Did you weigh up beforehand whether appearing in the show might affect your role as a vicar?

One of the worries beforehand was that this might have led to a phone call from the Bishop the morning after broadcast... 'here is your P45 Mr Beaumont', and of course, in the full knowledge that Adam's role is a somewhat public one, we made sure that we asked lots of questions beforehand, and always knew that we could pull the plug on our involvement if we thought that the broadcast might be damaging.

We are also aware that for some this could be difficult, many of our older friends wouldn't even have had their husbands in the room let alone 2.83 million people! If indeed we have offended, we are truly sorry, that was never our intention.

As a minister it has even opened doors. At a funeral just a couple of days ago, the (grown-up) grandchildren of the deceased recognised Adam, which led to a great conversation about the programme and both our, and their journeys.

We are still processing the outcomes.
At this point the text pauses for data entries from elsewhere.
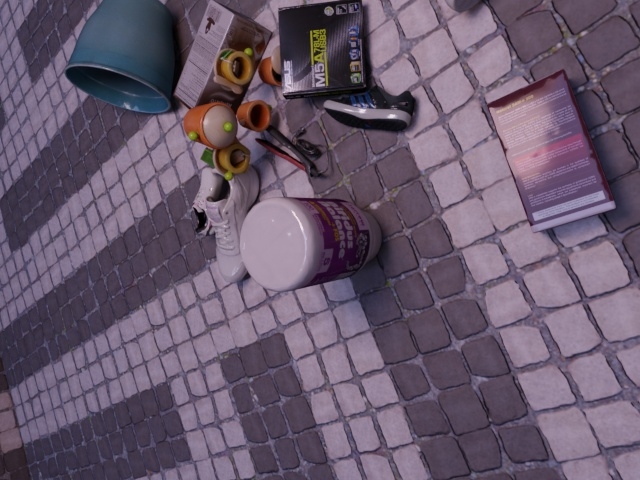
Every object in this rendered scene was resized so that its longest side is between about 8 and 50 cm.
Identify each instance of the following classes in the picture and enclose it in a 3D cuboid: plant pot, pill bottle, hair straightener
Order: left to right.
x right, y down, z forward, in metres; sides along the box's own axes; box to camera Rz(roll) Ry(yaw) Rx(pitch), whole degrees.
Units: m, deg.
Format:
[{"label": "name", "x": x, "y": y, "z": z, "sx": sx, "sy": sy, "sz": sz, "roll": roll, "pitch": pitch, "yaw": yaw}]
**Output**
[{"label": "plant pot", "x": -0.522, "y": -0.525, "z": 1.287, "sx": 0.271, "sy": 0.271, "sz": 0.256, "roll": 5, "pitch": 80, "yaw": 33}, {"label": "hair straightener", "x": -0.061, "y": -0.224, "z": 1.104, "sx": 0.230, "sy": 0.047, "sz": 0.089, "roll": 39, "pitch": 113, "yaw": 32}, {"label": "pill bottle", "x": 0.000, "y": 0.000, "z": 0.926, "sx": 0.169, "sy": 0.301, "sz": 0.170, "roll": 3, "pitch": 95, "yaw": 34}]

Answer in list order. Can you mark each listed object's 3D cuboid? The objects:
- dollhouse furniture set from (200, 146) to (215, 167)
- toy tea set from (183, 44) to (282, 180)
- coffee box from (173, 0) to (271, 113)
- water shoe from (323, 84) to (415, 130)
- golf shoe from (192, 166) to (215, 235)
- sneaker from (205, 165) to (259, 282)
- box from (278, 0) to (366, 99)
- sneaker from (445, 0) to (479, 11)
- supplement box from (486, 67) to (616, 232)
[{"label": "dollhouse furniture set", "x": -0.256, "y": -0.241, "z": 1.213, "sx": 0.058, "sy": 0.152, "sz": 0.076, "roll": 28, "pitch": 120, "yaw": -13}, {"label": "toy tea set", "x": -0.159, "y": -0.306, "z": 1.042, "sx": 0.124, "sy": 0.200, "sz": 0.336, "roll": 16, "pitch": 78, "yaw": 41}, {"label": "coffee box", "x": -0.243, "y": -0.436, "z": 1.162, "sx": 0.098, "sy": 0.141, "sz": 0.247, "roll": 41, "pitch": 115, "yaw": 25}, {"label": "water shoe", "x": 0.104, "y": -0.284, "z": 0.992, "sx": 0.203, "sy": 0.073, "sz": 0.080, "roll": 18, "pitch": 81, "yaw": 28}, {"label": "golf shoe", "x": -0.301, "y": -0.106, "z": 1.254, "sx": 0.067, "sy": 0.086, "sz": 0.186, "roll": -5, "pitch": 89, "yaw": 35}, {"label": "sneaker", "x": -0.240, "y": -0.043, "z": 1.176, "sx": 0.114, "sy": 0.152, "sz": 0.306, "roll": 7, "pitch": 98, "yaw": 28}, {"label": "box", "x": 0.004, "y": -0.411, "z": 1.015, "sx": 0.184, "sy": 0.045, "sz": 0.191, "roll": -2, "pitch": 92, "yaw": 7}, {"label": "sneaker", "x": 0.273, "y": -0.568, "z": 0.836, "sx": 0.169, "sy": 0.108, "sz": 0.293, "roll": 40, "pitch": 104, "yaw": 27}, {"label": "supplement box", "x": 0.389, "y": -0.145, "z": 0.795, "sx": 0.130, "sy": 0.073, "sz": 0.240, "roll": -20, "pitch": 83, "yaw": 32}]
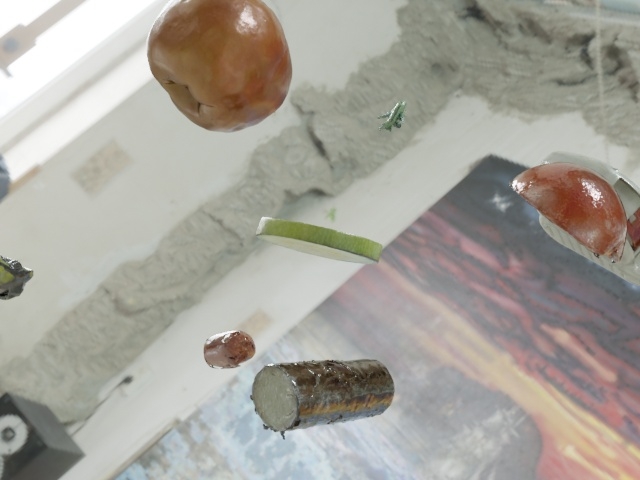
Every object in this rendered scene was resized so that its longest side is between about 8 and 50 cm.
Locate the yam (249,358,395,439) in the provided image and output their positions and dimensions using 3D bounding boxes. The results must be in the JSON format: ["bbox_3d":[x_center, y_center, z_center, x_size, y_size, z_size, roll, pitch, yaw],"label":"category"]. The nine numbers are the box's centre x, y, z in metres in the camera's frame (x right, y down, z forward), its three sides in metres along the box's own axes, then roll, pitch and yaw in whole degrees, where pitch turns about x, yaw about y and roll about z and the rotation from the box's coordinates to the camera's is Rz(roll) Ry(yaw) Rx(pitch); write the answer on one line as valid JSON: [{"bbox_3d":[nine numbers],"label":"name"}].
[{"bbox_3d":[0.006,0.275,1.476,0.280,0.131,0.131,6,29,-48],"label":"yam"}]

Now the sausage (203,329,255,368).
[{"bbox_3d":[-0.182,0.214,1.614,0.076,0.076,0.141,52,-31,-14],"label":"sausage"}]

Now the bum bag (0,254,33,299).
[{"bbox_3d":[-0.590,0.054,1.424,0.232,0.107,0.060,36,31,-64],"label":"bum bag"}]

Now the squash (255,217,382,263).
[{"bbox_3d":[0.000,0.000,1.636,0.252,0.048,0.252,14,-6,1],"label":"squash"}]

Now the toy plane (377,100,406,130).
[{"bbox_3d":[0.160,-0.263,1.748,0.080,0.083,0.033,21,-21,49],"label":"toy plane"}]

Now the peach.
[{"bbox_3d":[-0.220,-0.428,1.889,0.343,0.301,0.342,39,-18,15],"label":"peach"}]

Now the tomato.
[{"bbox_3d":[0.441,-0.067,1.399,0.228,0.112,0.199,38,17,11],"label":"tomato"}]

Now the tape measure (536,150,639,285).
[{"bbox_3d":[0.550,-0.053,1.622,0.258,0.130,0.265,39,-10,48],"label":"tape measure"}]
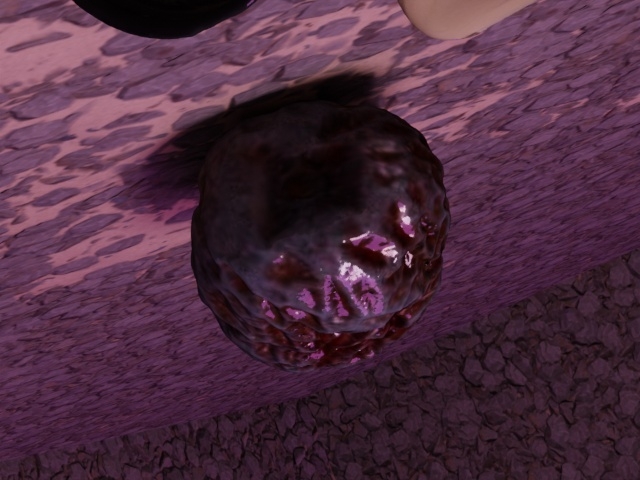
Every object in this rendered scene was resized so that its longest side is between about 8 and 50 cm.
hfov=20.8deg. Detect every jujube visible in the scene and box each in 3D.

It has been a huge learning experience. It was a huge confirmation about putting your trust in God and prayer for big ambitious things that you can never achieve on your own. It has really encouraged Adam to think big - with God our side, what's the worst that can happen?

Also, Adam was asked by a very wise and senior Christian within the diocese, in the context of discussing this programme, if he was an 'evangelist' (there's a bit of a theme about that at the moment isn't there!). A question that for many, if they are asked point blank, makes them want to hide. But it is something that Adam feels he was doing rather instinctively at the time, and that question has prompted thoughts that it is something that he needs to explore and develop in a more explicit way.


Sheona tell us more about your exhibition next year.

A few weeks before the programme aired, Sheona was commissioned by the

Birth Rites Collection

to join their project for a touring exhibition in 2015. Called 'Birth Online : Birth Offline' the project is looking at contemporary artists' responses to birth when increasingly represented in the public sphere in some way - on TV, on YouTube and on other social media.

Sheona's work will probably be formed from photographic and text material into a digital collage, and then printed as lenticular prints for an installation - there's still a lot of processing to do, and it'll take some time to come together.

Sheona's photographic work focusses on imagery that reveals spirituality in different ways, and here she's hoping that aspects of prayer, the Bible and even a virtual equivalent of the traditional 'Churching of Women' service will be drawn out and explored.


Looking back, do you think appearing on the programme was a worthwhile experience?

Definitely. Adam feels that we 'stepped out of the boat' in witnessing to others, and that by taking that step in faith and by backing it up with a heavy dose of prayer, God honoured it, blessed, it and used it for his glory.

If nothing else 2.83 million people heard the Bible being read out on TV, most of whom would be of the demographic that we often think of as the missing generation in our fellowships.